Native shrubs later reclaimed some of it. Now every field tells the story of a
transformation. Some have been cut to a litter of tree stumps and scrub; on
others, charcoal-makers have moved in to reduce the rootballs to fuel; next,
other fields have been levelled and prepared with lime and fertiliser; and some
have already been turned into white oceans of cotton. Next season this farm at
Jatobá will plant and harvest cotton, soyabeans and maize on 24,000 hectares,
200 times the size of an average farm in Iowa. It will transform a
poverty-stricken part of Brazil's backlands. Three hundred miles north, in the state of Piauí, the
transformation is already complete. Three years ago the Cremaq farm was a
failed experiment in growing cashews. Its barns were falling down and the scrub
was reasserting its grip.

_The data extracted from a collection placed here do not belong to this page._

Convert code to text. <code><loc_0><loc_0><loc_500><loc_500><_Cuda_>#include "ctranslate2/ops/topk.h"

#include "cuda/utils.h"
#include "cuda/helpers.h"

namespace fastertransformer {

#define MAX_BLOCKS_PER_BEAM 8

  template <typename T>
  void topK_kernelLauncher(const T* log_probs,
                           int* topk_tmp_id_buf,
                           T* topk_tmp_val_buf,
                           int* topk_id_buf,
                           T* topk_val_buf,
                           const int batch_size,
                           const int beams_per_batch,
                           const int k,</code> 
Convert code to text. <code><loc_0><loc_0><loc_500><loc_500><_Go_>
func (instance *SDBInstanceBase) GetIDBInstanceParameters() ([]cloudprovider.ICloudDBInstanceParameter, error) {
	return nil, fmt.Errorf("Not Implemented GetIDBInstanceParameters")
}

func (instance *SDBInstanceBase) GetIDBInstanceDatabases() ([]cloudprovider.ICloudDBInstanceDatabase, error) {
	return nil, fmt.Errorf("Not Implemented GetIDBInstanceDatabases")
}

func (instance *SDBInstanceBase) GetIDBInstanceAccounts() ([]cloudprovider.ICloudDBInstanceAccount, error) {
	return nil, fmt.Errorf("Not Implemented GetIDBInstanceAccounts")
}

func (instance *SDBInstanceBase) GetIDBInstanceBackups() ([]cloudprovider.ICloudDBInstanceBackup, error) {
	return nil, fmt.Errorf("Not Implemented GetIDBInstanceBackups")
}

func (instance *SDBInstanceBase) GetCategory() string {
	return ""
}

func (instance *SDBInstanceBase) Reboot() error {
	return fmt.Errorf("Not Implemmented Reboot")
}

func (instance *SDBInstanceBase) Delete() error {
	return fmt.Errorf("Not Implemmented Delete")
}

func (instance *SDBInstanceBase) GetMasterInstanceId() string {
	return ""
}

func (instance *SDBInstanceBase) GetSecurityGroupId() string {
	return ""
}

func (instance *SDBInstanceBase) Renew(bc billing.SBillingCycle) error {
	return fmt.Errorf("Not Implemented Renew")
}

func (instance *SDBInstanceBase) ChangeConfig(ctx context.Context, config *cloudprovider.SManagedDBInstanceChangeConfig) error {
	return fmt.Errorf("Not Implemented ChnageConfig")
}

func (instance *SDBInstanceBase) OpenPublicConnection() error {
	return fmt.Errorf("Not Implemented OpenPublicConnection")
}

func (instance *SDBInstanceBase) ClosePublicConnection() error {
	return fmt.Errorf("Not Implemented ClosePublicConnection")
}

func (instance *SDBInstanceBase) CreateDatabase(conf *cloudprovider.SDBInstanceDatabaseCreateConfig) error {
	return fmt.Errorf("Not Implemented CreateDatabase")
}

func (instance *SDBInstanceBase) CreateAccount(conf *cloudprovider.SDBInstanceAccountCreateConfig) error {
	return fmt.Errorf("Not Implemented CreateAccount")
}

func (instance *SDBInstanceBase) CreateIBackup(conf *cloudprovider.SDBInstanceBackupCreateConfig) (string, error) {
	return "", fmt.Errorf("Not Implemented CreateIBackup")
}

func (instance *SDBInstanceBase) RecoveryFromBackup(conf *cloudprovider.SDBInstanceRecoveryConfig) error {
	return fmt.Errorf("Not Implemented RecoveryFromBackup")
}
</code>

Now the farm—which, like Jatobá, is owned by
BrasilAgro, a company that buys and modernises neglected fields—uses radio
transmitters to keep track of the weather; runs SAP software; employs 300
people under agaúcho from southern Brazil; has 200km (124 miles) of new
roads criss-crossing the fields; and, at harvest time, resounds to the thunder
of lorries which, day and night, carry maize and soya to distant ports. That
all this is happening in Piauí—the Timbuktu of Brazil, a remote, somewhat
lawless area where the nearest health clinic is half a day's journey away and
most people live off state welfare payments—is nothing short of miraculous.

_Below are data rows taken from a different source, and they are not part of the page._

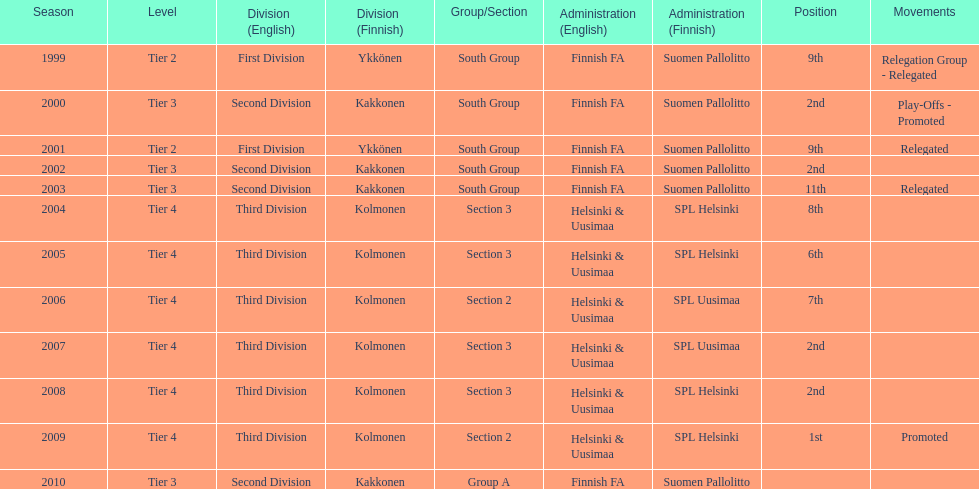How many 2nd positions were there? 4. 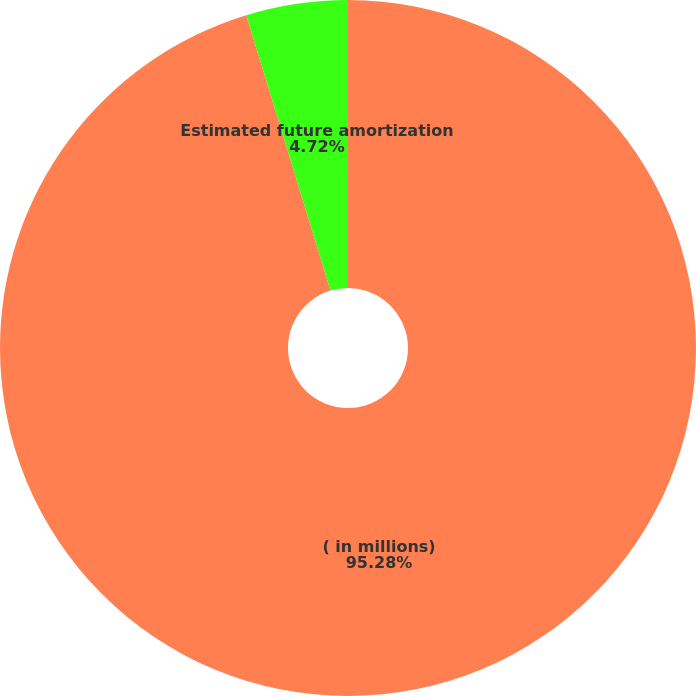Convert chart to OTSL. <chart><loc_0><loc_0><loc_500><loc_500><pie_chart><fcel>( in millions)<fcel>Estimated future amortization<nl><fcel>95.28%<fcel>4.72%<nl></chart> 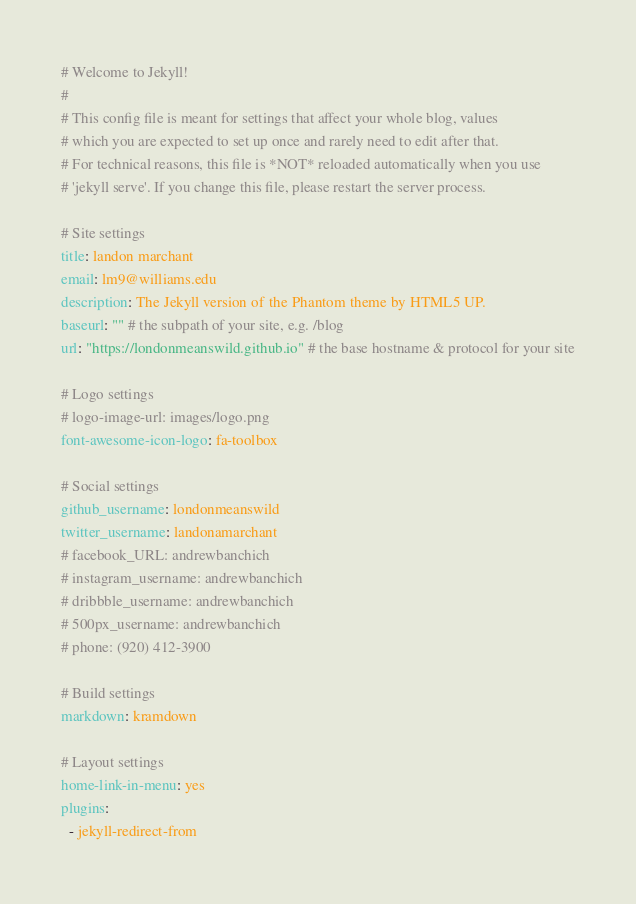<code> <loc_0><loc_0><loc_500><loc_500><_YAML_># Welcome to Jekyll!
#
# This config file is meant for settings that affect your whole blog, values
# which you are expected to set up once and rarely need to edit after that.
# For technical reasons, this file is *NOT* reloaded automatically when you use
# 'jekyll serve'. If you change this file, please restart the server process.

# Site settings
title: landon marchant
email: lm9@williams.edu
description: The Jekyll version of the Phantom theme by HTML5 UP.
baseurl: "" # the subpath of your site, e.g. /blog
url: "https://londonmeanswild.github.io" # the base hostname & protocol for your site

# Logo settings
# logo-image-url: images/logo.png
font-awesome-icon-logo: fa-toolbox

# Social settings
github_username: londonmeanswild
twitter_username: landonamarchant
# facebook_URL: andrewbanchich
# instagram_username: andrewbanchich
# dribbble_username: andrewbanchich
# 500px_username: andrewbanchich
# phone: (920) 412-3900

# Build settings
markdown: kramdown

# Layout settings
home-link-in-menu: yes
plugins:
  - jekyll-redirect-from
</code> 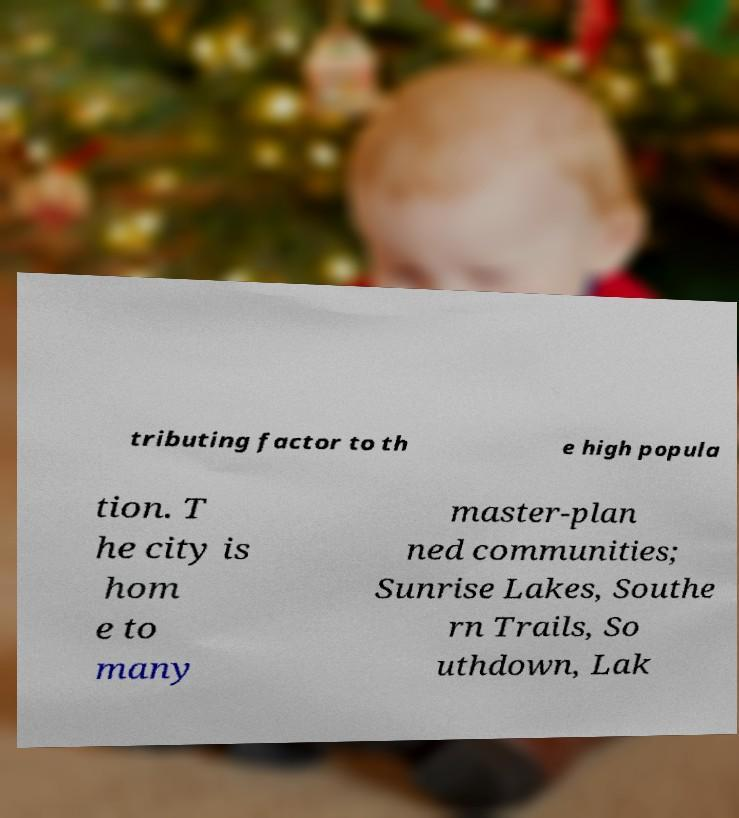Could you assist in decoding the text presented in this image and type it out clearly? tributing factor to th e high popula tion. T he city is hom e to many master-plan ned communities; Sunrise Lakes, Southe rn Trails, So uthdown, Lak 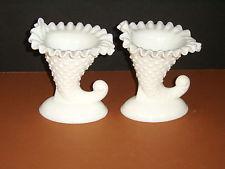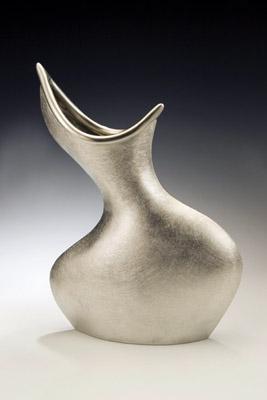The first image is the image on the left, the second image is the image on the right. For the images displayed, is the sentence "Two vases in one image are a matched set, while a single vase in the second image is solid white on an oval base." factually correct? Answer yes or no. No. The first image is the image on the left, the second image is the image on the right. Assess this claim about the two images: "An image shows a matched pair of white vases.". Correct or not? Answer yes or no. Yes.

These two farms on the frontier of Brazilian farming are
microcosms of a national change with global implications. In less than 30 years
Brazil has turned itself from a food importer into one of the world's great
breadbaskets (see chart 1). It is the first country to have caught up with the
traditional “big five” grain exporters (America, Canada, Australia, Argentina
and the European Union). It is also the first tropical food-giant; the big five
are all temperate producers. The increase in Brazil's farm production has been stunning.
Between 1996 and 2006 the total value of the country's crops rose from 23
billion reais ($23 billion) to 108 billion reais, or 365%. Brazil increased its
beef exports tenfold in a decade, overtaking Australia as the world's largest
exporter. It has the world's largest cattle herd after India's. It is also the
world's largest exporter of poultry, sugar cane and ethanol (see chart 2).

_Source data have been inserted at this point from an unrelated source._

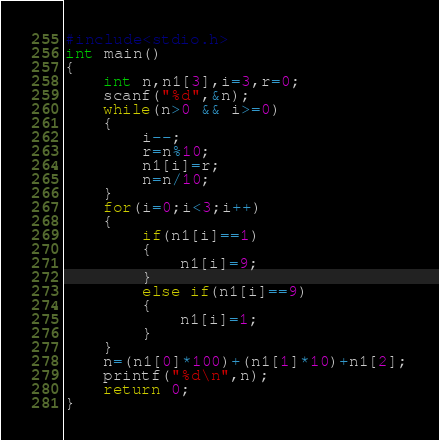Convert code to text. <code><loc_0><loc_0><loc_500><loc_500><_C_>#include<stdio.h>
int main()
{
    int n,n1[3],i=3,r=0;
    scanf("%d",&n);
    while(n>0 && i>=0)
    {
        i--;
        r=n%10;
        n1[i]=r;
        n=n/10;
    }
    for(i=0;i<3;i++)
    {
        if(n1[i]==1)
        {
            n1[i]=9;
        }
        else if(n1[i]==9)
        {
            n1[i]=1;
        }
    }
    n=(n1[0]*100)+(n1[1]*10)+n1[2];
    printf("%d\n",n);
    return 0;
}</code> 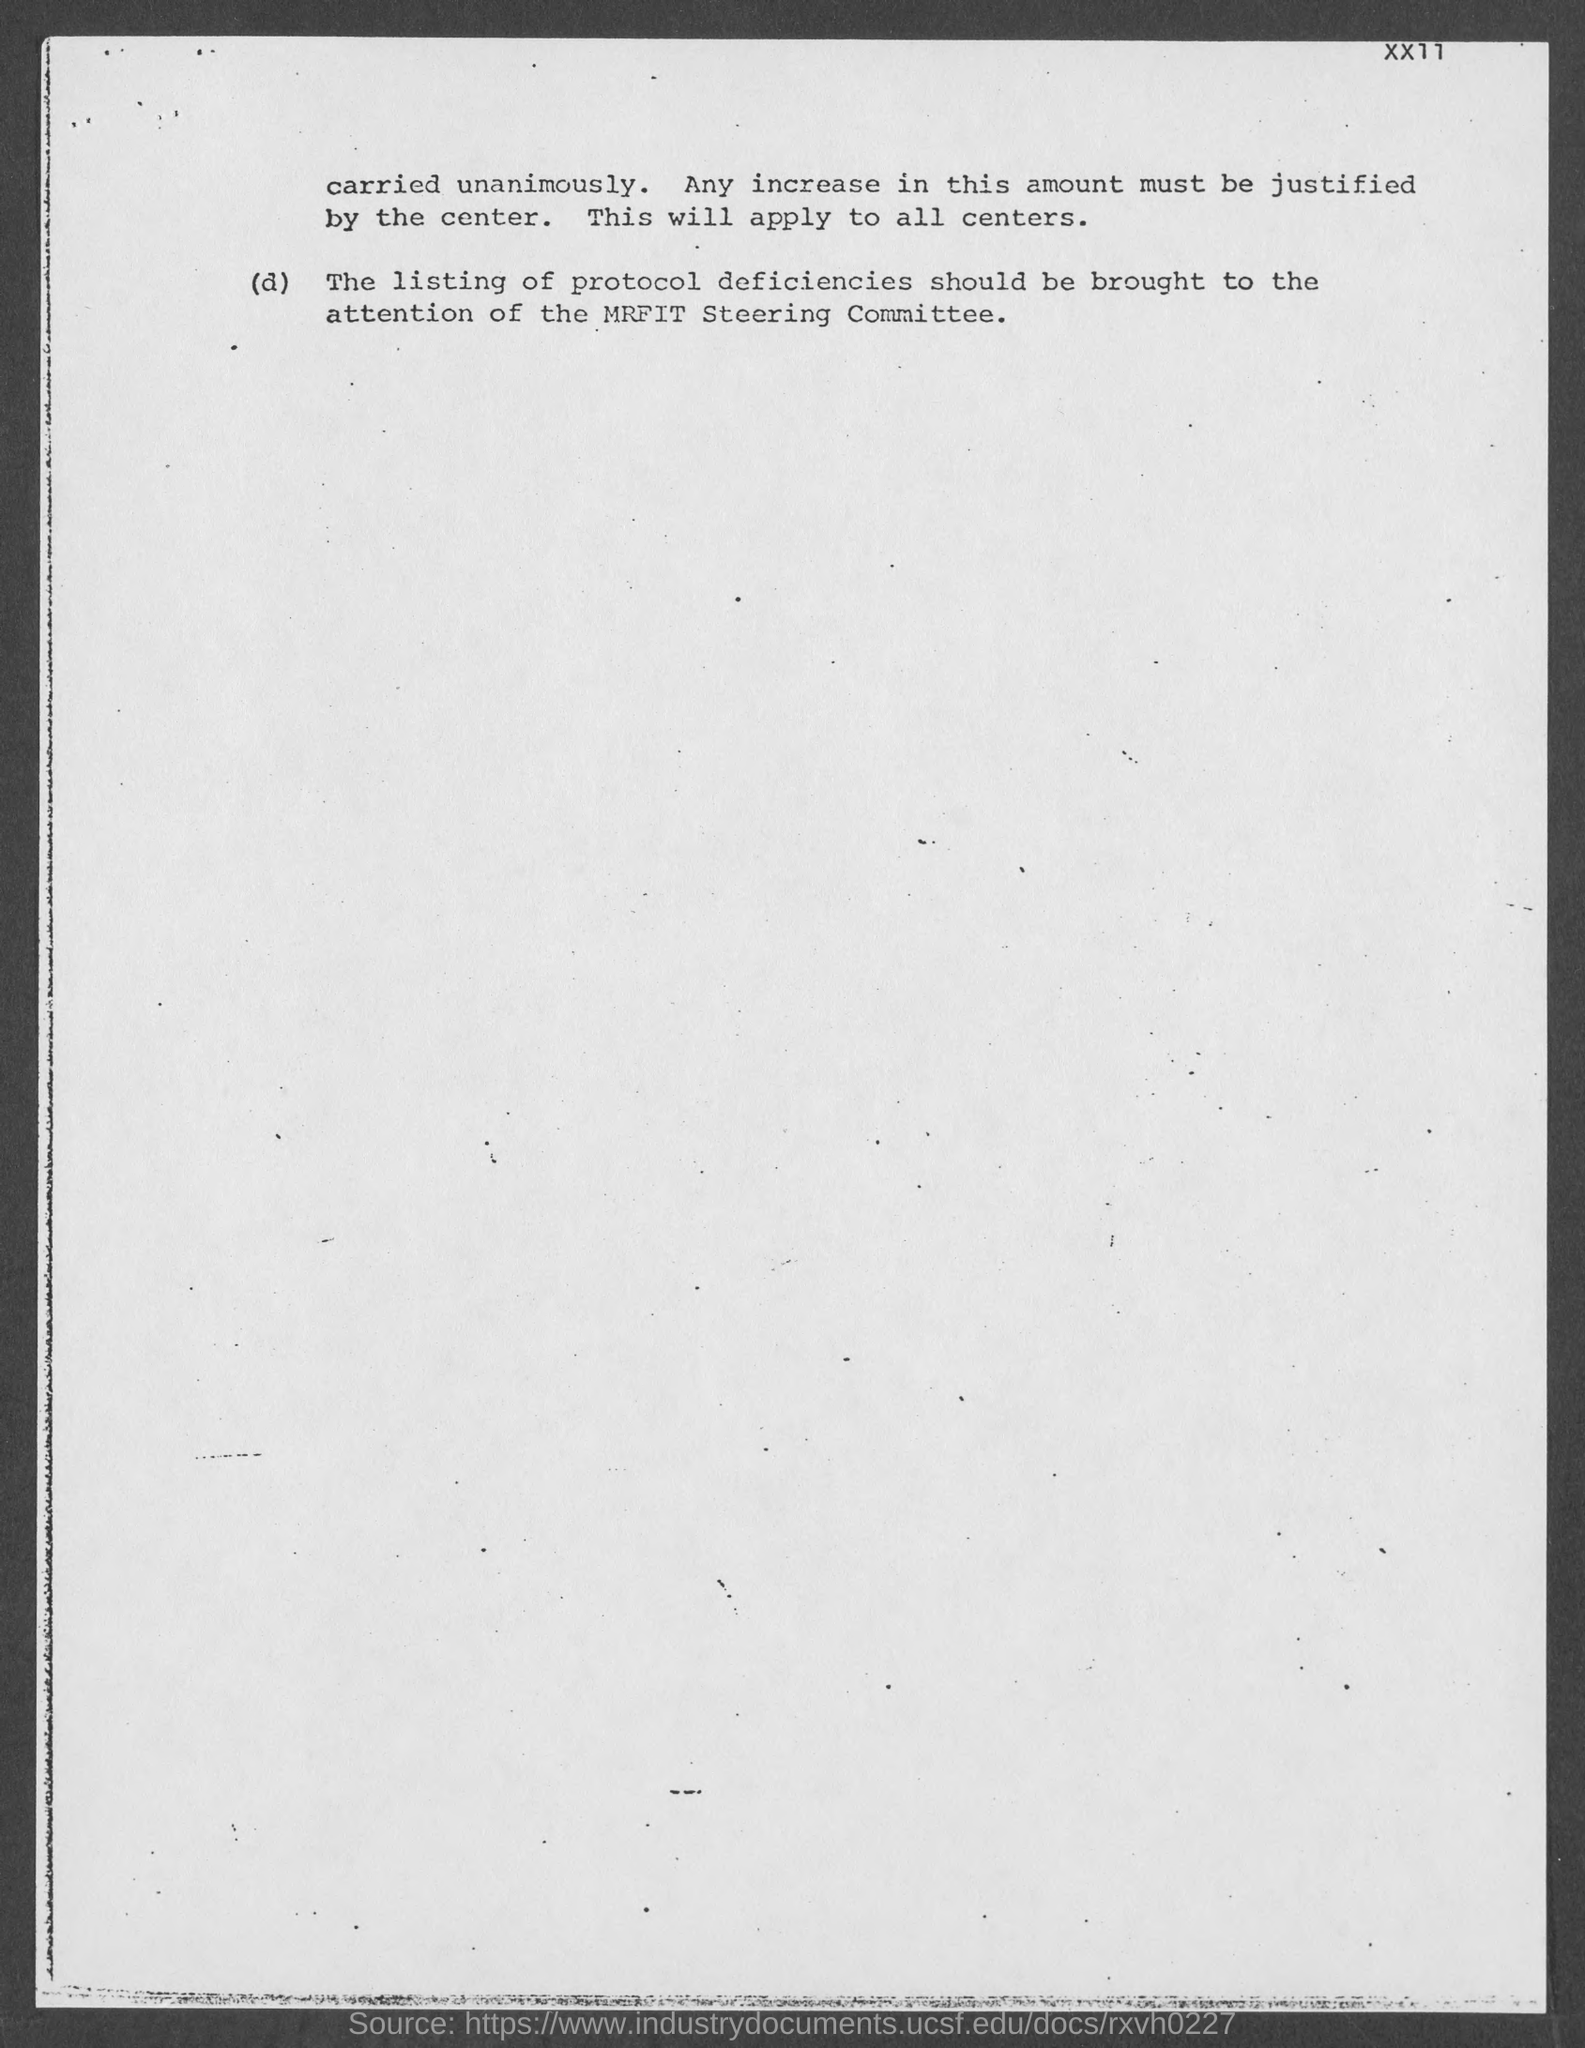Mention a couple of crucial points in this snapshot. The MRFIT Steering Committee is responsible for addressing protocol deficiencies.

Since 1990 its soyabean output has risen from barely 15m tonnes to over 60m.
Brazil accounts for about a third of world soyabean exports, second only to
America. In 1994 Brazil's soyabean exports were one-seventh of America's; now
they are six-sevenths. Moreover, Brazil supplies a quarter of the world's
soyabean trade on just 6% of the country's arable land.
No less astonishingly, Brazil has done all this without much
government subsidy. According to the Organisation for Economic Co-operation and
Development (OECD), state support accounted for 5.7% of total farm income in
Brazil during 2005-07. That compares with 12% in America, 26% for the OECD
average and 29% in the European Union. And Brazil has done it without
deforesting the Amazon (though that has happened for other reasons). The great
expansion of farmland has taken place 1,000km from the jungle. How did the country manage this astonishing transformation?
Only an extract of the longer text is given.